On Wed, Feb 21, 2024 at 10:35 AM Pengfei Xu <pengfei.xu@intel.com> wrote:
>
> Hi Kuniyuki Iwashima and kernel experts,
>
> Greeting!
> There is BUG: soft lockup after sendmsg syscall in v6.8-rc4 in guest.
>
> All detailed info: https://github.com/xupengfe/syzkaller_logs/tree/main/240220_161242_softlockup
> Syzkaller reproduced code: https://github.com/xupengfe/syzkaller_logs/blob/main/240220_161242_softlockup/repro.c
> Syzkaller syscall reproduced steps: https://github.com/xupengfe/syzkaller_logs/blob/main/240220_161242_softlockup/repro.prog
> Kconfig(need make olddefconfig): https://github.com/xupengfe/syzkaller_logs/blob/main/240220_161242_softlockup/kconfig_origin
> Bisect info: https://github.com/xupengfe/syzkaller_logs/blob/main/240220_161242_softlockup/bisect_info.log
> v6.8-rc4 issue dmesg: https://github.com/xupengfe/syzkaller_logs/blob/main/240220_161242_softlockup/841c35169323cd833294798e58b9bf63fa4fa1de_dmesg.log
> bzImage_v6.8-rc4: https://github.com/xupengfe/syzkaller_logs/raw/main/240220_161242_softlockup/bzImage_v6.8-rc4.tar.gz
>
> Bisected and found first bad commit:
> "
> 1279f9d9dec2 af_unix: Call kfree_skb() for dead unix_(sk)->oob_skb in GC.
> "
>
> After reverted above commit on top of v6.8-rc4 kernel, this issue was gone.
>
> Syzkaller repro.report: https://github.com/xupengfe/syzkaller_logs/blob/main/240220_161242_softlockup/repro.report
> "
> watchdog: BUG: soft lockup - CPU#0 stuck for 26s! [gdbus:349]
> Modules linked in:
> irq event stamp: 25162
> hardirqs last  enabled at (25161): [<ffffffff855dff2e>] irqentry_exit+0x3e/0xa0 kernel/entry/common.c:351
> hardirqs last disabled at (25162): [<ffffffff855dded4>] sysvec_apic_timer_interrupt+0x14/0xc0 arch/x86/kernel/apic/apic.c:1076
> softirqs last  enabled at (25140): [<ffffffff8127fcc8>] invoke_softirq kernel/softirq.c:427 [inline]

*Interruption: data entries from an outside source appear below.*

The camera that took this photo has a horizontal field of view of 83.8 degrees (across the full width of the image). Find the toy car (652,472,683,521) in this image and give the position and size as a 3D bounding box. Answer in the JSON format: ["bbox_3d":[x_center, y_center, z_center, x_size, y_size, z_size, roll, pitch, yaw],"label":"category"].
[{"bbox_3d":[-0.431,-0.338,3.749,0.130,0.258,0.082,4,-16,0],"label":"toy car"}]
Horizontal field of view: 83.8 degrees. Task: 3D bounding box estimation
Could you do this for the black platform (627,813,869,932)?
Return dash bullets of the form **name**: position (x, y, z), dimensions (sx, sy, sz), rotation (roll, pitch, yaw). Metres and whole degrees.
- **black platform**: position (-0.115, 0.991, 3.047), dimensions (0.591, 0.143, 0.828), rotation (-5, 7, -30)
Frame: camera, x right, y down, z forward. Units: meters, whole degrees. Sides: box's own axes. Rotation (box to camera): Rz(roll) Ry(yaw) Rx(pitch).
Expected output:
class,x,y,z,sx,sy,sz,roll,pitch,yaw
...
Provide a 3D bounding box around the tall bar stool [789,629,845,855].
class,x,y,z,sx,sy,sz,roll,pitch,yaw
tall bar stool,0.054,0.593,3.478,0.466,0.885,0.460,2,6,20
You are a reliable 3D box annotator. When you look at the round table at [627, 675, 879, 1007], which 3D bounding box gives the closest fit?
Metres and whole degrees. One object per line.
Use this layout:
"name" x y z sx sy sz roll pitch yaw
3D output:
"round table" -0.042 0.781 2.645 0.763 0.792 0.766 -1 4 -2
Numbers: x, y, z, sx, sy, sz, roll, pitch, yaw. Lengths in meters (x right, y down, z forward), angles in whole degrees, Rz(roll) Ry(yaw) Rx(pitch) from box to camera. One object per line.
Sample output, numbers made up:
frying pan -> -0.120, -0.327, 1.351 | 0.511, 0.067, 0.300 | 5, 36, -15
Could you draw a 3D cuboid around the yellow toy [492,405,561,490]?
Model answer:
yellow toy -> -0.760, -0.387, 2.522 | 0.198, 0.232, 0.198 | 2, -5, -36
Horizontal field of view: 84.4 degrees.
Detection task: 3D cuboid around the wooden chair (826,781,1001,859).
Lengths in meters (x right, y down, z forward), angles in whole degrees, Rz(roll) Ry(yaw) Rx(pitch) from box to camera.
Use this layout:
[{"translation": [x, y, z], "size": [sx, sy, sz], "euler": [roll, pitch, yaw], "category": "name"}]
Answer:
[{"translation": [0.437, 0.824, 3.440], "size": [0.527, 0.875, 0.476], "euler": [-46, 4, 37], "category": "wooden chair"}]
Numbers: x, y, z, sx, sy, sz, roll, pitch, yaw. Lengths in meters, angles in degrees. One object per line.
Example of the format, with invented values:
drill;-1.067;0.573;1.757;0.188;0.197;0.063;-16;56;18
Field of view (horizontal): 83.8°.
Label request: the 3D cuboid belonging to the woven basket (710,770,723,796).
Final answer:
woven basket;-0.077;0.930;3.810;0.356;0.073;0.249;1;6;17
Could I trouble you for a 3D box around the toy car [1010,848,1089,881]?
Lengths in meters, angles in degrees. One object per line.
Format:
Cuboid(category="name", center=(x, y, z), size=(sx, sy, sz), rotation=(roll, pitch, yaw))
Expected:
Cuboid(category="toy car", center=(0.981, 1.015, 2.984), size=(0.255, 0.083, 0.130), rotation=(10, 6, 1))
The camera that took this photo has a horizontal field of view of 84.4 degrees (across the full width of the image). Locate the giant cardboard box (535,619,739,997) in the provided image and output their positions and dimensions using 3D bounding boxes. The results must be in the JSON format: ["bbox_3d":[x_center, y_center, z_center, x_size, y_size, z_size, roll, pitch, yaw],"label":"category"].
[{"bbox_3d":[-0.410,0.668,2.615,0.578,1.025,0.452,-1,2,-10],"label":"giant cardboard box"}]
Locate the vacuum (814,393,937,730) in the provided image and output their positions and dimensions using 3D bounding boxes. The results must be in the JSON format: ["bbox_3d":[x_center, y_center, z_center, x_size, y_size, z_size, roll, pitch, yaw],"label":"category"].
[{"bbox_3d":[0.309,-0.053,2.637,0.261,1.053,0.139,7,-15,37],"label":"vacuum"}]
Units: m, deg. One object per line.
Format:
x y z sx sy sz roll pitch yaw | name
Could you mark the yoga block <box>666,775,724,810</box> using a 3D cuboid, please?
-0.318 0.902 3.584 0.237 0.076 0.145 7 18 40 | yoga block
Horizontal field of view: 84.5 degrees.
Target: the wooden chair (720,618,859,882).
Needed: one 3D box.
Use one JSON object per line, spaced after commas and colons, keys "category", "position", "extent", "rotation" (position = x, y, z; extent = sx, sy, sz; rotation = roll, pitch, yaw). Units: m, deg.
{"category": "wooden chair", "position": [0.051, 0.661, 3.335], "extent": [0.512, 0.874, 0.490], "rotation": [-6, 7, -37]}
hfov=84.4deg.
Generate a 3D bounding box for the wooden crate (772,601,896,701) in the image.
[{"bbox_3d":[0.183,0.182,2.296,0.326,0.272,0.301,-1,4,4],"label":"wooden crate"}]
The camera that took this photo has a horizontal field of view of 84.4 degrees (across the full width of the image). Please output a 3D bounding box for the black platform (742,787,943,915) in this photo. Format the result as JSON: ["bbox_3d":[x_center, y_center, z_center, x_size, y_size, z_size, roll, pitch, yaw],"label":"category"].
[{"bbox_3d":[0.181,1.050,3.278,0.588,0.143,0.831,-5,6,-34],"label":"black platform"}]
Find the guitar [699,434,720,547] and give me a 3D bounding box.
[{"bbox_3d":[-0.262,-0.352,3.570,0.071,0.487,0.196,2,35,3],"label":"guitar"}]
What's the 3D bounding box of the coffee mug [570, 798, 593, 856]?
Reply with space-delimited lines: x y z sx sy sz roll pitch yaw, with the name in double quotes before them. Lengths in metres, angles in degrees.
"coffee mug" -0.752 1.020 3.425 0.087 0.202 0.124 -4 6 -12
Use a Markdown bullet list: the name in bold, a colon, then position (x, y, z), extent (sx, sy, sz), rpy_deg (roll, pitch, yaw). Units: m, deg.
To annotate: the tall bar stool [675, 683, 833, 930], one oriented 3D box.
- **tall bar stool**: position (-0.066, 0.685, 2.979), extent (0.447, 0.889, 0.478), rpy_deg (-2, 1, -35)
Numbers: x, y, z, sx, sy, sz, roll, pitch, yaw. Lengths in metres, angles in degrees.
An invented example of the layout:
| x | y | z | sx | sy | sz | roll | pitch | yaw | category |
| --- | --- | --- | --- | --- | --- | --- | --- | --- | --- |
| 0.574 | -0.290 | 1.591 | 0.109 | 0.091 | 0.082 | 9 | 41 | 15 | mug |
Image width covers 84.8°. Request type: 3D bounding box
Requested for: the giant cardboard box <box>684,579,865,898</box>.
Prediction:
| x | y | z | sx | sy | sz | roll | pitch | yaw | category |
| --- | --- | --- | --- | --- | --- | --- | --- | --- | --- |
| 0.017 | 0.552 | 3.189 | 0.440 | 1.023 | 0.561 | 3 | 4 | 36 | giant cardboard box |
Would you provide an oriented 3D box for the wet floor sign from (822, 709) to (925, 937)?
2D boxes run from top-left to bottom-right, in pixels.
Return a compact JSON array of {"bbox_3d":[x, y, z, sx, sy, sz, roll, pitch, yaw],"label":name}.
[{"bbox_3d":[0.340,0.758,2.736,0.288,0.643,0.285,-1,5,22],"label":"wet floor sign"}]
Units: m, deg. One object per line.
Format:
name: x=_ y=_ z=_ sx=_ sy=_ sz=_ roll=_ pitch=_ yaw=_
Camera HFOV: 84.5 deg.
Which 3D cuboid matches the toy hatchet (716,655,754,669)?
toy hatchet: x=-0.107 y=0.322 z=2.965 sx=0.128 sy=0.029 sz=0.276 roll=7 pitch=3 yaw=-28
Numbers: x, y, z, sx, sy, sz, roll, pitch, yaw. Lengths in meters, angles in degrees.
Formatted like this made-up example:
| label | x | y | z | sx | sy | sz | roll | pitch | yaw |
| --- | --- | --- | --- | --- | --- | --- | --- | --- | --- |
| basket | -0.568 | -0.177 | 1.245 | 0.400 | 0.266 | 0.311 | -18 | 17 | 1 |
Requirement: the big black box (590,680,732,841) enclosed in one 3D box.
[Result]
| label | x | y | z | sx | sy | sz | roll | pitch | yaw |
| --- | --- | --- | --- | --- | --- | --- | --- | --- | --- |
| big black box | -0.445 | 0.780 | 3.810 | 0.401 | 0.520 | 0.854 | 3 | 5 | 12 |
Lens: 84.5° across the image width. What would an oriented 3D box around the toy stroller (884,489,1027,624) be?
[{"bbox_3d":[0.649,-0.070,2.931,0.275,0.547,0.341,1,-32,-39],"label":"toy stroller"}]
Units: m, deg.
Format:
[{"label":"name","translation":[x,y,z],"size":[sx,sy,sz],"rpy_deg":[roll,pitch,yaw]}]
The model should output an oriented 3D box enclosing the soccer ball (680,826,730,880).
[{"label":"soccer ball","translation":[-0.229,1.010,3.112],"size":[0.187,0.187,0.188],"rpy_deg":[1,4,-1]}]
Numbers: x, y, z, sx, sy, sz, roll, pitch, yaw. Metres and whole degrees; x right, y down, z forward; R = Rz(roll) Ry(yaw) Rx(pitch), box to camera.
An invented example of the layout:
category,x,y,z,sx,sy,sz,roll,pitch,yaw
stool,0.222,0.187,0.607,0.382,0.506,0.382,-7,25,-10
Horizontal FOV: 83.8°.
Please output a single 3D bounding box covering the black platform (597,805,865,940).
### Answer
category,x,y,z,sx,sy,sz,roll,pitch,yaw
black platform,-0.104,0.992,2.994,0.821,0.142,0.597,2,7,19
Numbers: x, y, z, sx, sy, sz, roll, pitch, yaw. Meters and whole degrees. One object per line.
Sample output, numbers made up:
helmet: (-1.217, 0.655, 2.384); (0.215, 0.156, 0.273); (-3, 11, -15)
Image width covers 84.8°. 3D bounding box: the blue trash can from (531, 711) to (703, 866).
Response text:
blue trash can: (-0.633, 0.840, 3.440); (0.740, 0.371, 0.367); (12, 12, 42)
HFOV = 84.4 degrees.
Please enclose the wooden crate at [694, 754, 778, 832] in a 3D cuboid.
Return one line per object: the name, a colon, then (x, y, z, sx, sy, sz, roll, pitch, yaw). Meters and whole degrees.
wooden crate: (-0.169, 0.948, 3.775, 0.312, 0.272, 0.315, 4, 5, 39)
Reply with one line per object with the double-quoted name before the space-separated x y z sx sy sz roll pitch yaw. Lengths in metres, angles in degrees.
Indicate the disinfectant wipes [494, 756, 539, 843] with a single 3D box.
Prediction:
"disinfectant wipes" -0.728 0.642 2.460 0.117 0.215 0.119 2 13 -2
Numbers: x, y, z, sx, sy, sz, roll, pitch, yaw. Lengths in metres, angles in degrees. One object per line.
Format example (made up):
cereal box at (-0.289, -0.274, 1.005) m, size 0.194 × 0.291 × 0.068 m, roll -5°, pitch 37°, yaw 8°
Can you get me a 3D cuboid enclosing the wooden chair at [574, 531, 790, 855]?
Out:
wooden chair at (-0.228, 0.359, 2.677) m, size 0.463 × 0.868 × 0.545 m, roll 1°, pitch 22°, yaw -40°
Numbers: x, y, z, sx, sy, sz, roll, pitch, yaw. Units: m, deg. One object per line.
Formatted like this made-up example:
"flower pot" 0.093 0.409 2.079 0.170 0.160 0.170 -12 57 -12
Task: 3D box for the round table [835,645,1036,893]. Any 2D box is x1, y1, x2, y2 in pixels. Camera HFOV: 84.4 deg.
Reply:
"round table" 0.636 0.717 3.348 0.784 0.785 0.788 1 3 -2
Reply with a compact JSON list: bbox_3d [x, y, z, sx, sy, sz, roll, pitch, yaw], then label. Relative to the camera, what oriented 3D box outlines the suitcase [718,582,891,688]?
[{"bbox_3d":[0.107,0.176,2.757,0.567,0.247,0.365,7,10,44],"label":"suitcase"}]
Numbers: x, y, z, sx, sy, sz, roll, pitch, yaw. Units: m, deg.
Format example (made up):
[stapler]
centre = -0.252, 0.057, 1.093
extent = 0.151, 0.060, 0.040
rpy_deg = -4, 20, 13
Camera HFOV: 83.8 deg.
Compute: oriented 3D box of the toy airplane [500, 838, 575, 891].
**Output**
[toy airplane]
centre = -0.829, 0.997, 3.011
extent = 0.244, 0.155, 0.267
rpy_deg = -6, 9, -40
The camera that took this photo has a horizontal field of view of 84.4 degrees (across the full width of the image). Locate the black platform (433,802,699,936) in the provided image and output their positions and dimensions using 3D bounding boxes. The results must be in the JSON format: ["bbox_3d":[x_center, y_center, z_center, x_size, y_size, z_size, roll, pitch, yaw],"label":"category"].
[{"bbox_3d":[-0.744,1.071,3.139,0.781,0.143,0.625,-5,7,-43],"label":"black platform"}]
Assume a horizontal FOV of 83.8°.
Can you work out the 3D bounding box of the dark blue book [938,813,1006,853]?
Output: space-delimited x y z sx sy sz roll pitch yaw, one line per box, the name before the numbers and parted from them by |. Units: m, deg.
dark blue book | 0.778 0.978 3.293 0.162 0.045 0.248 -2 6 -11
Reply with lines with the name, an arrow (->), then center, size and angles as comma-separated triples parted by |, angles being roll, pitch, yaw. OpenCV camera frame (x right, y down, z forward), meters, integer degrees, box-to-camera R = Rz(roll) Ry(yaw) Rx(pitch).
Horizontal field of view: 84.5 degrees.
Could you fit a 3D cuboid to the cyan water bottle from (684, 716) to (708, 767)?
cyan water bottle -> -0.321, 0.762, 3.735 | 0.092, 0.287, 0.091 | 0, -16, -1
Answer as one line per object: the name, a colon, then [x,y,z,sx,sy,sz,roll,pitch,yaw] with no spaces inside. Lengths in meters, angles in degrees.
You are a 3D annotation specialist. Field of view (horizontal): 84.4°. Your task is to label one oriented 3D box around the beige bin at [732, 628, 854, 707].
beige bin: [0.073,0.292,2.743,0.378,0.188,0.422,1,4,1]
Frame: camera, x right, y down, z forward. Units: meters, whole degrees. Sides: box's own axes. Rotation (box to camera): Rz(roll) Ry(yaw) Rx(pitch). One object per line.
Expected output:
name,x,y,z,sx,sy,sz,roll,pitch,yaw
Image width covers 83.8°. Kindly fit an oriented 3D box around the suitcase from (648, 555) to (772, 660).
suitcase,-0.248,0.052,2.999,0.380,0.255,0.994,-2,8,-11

> softirqs last  enabled at (25140): [<ffffffff8127fcc8>] __irq_exit_rcu+0xa8/0x110 kernel/softirq.c:632
> softirqs last disabled at (25135): [<ffffffff8127fcc8>] invoke_softirq kernel/softirq.c:427 [inline]
> softirqs last disabled at (25135): [<ffffffff8127fcc8>] __irq_exit_rcu+0xa8/0x110 kernel/softirq.c:632
> CPU: 0 PID: 349 Comm: gdbus Not tainted 6.8.0-rc4-2024-02-12-intel-next-e92619743fcb+ #1
> Hardware name: QEMU Standard PC (i440FX + PIIX, 1996), BIOS rel-1.16.0-0-gd239552ce722-prebuilt.qemu.org 04/01/2014
> RIP: 0010:__sanitizer_cov_trace_pc+0x38/0x70 kernel/kcov.c:207
> Code: 65 8b 05 73 89 a0 7e 48 89 e5 48 8b 75 08 a9 00 01 ff 00 74 0f f6 c4 01 74 35 8b 82 e4 1d 00 00 85 c0 74 2b 8b 82 c0 1d 00 00 <83> f8 02 75 20 48 8b 8a c8 1d 00 00 8b 92 c4 1d 00 00 48 8b 01 48
> RSP: 0018:ffff88800b48f7b0 EFLAGS: 00000246
> RAX: 0000000000000000 RBX: ffff888013018000 RCX: 1ffffffff12150bb
> RDX: ffff888011ab8000 RSI: ffffffff8515e235 RDI: ffff888013018770
> RBP: ffff88800b48f7b0 R08: 0000000000000001 R09: fffffbfff120f86e
> R10: ffffffff8907c377 R11: 0000000000000001 R12: ffff888013018000
> R13: dffffc0000000000 R14: ffff888013018630 R15: ffff88800b48f840
> FS:  0000000000000000(0000) GS:ffff88806ca00000(0000) knlGS:0000000000000000
> CS:  0010 DS: 0000 ES: 0000 CR0: 0000000080050033
> CR2: 00007fffcc5fd648 CR3: 0000000006c82000 CR4: 0000000000750ef0
> PKRU: 55555554
> Call Trace:
>  <IRQ>
>  </IRQ>
>  <TASK>
>  unix_gc+0x465/0xfd0 net/unix/garbage.c:319
>  unix_release_sock+0xb8c/0xe80 net/unix/af_unix.c:683
>  unix_release+0x9c/0x100 net/unix/af_unix.c:1064
>  __sock_release+0xb6/0x280 net/socket.c:659
>  sock_close+0x27/0x40 net/socket.c:1421
>  __fput+0x284/0xb70 fs/file_table.c:376
>  ____fput+0x1f/0x30 fs/file_table.c:404
>  task_work_run+0x19d/0x2b0 kernel/task_work.c:180
>  exit_task_work include/linux/task_work.h:38 [inline]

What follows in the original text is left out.